··· Exercise input ···
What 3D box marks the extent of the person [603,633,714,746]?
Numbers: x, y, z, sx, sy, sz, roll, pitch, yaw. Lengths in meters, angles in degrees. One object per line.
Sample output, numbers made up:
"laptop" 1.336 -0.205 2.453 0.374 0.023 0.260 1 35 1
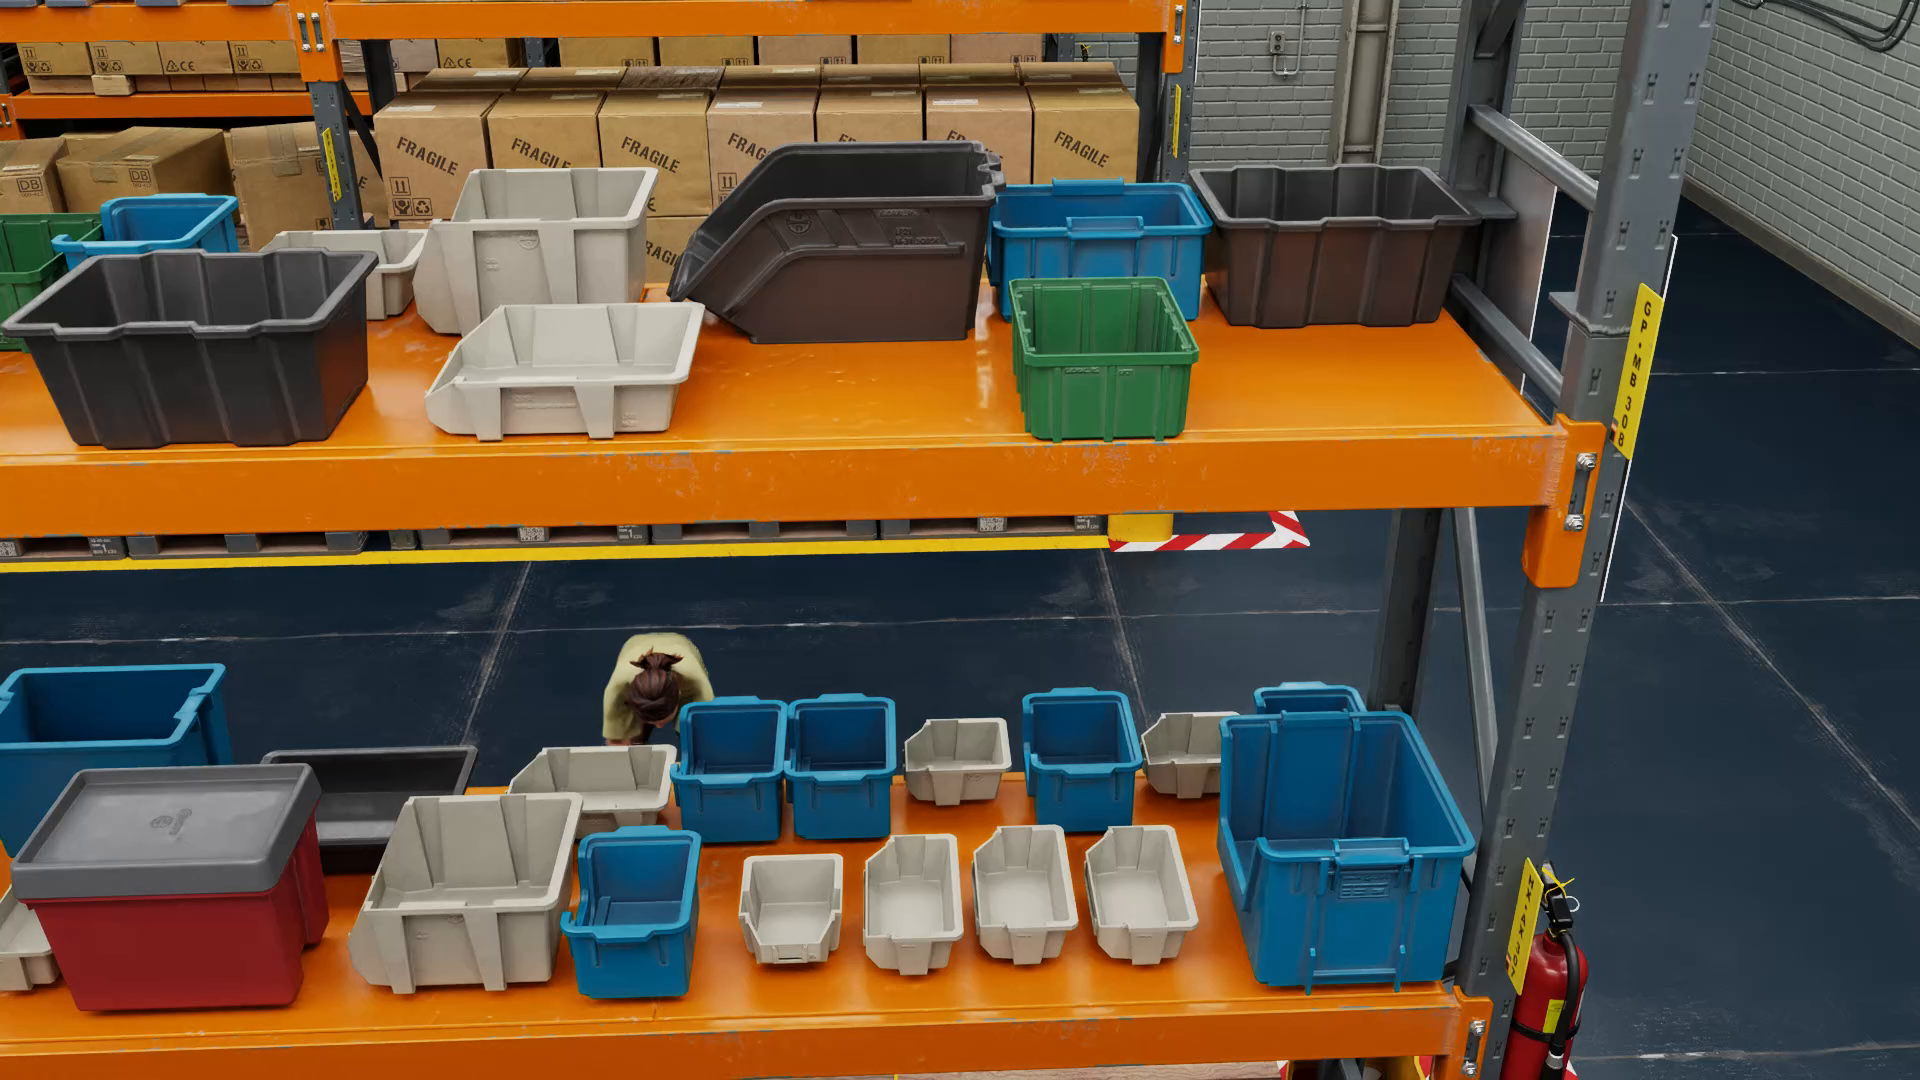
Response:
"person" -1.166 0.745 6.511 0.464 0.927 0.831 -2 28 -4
···
- The problem
Find the line that contains "0.260 1 35 1" and repeat it, along with every line after it to the end of the data, exactly; drop the pictures.

- Task response
"laptop" 1.336 -0.205 2.453 0.374 0.023 0.260 1 35 1
Response:
"person" -1.166 0.745 6.511 0.464 0.927 0.831 -2 28 -4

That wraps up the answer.